Zorunlu öğrenim çağındaki üç buçuk milyon çocuğumuzun “okullu olmaması” ve devam takibi yapılmaması başlı başına eşitsizliktir. Bunun yanında MEB’in ortaöğretimde ki okulların % 10 “nitelikli” tarif etmesi %90’ın ise “niteliksiz” anlamı ile eşitsizliktir. Kapatılan köy okulları, yetişkin yaygın eğitim kurslarının durdurulması, taşımalı uygulamalarının azaltılması eşitsizliktir. Eğitim yapılarının kullanım tercihi nedeni ile ikili öğretim eşitsizliktir. Milyonlarca öğrencinin derslerine ücretli kişiler ile DİB personelinin ve vakıf elemanları ile derse girilmesi eşitsizliktir. Okul Sporları Federasyonunun kapatılması eşitsizliktir.
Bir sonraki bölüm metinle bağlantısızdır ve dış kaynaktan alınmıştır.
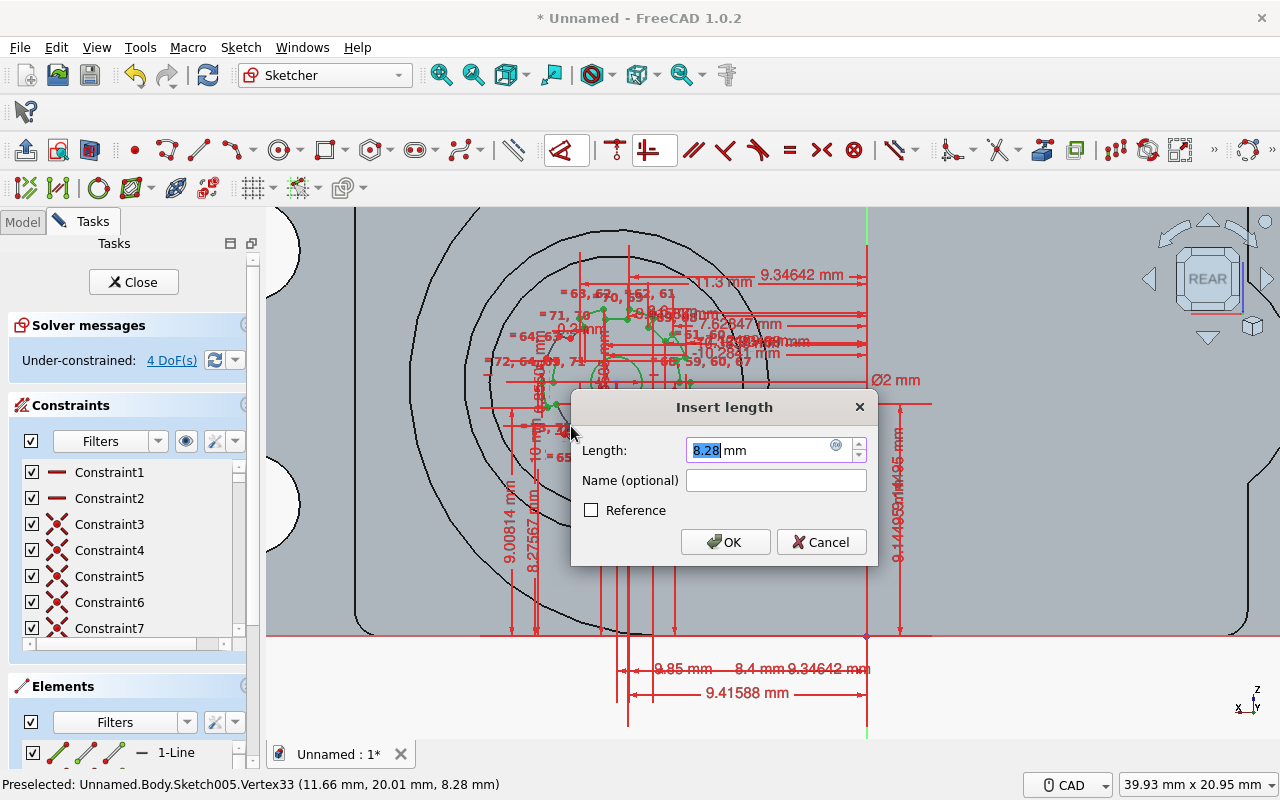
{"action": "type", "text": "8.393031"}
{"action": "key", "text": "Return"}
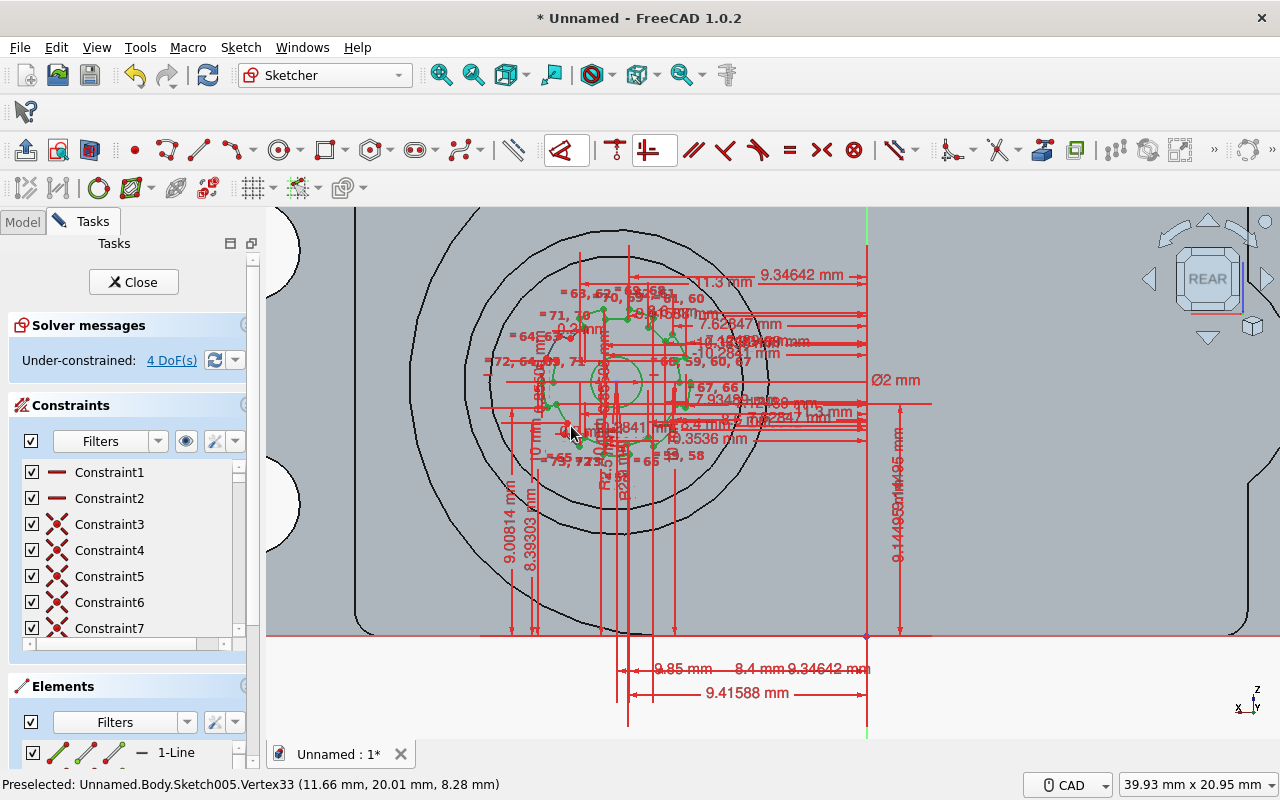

MESLEKİ EĞİTİM, MESLEK KAZANDIRIYOR MU?
Çocuklarımızın ilgi, istek, yetenek ve becerilerine göre meslek kazanması sağlanmalı iken, 3308 Mesleki Eğitim Kanunu uygulanmaması nedeniyle öğrenciler yeterlilik bilgi ve deneyim ile mezun olamamaktadır. Şimdiki durumdan çocuklar ucuz iş gücü olarak değerlendirilmekte fakat öğrencinin üstün yararına göre liyakati oluşmamaktadır.3308 Sayılı Mesleki Eğitim Kanunu tam olarak uygulanmalıdır.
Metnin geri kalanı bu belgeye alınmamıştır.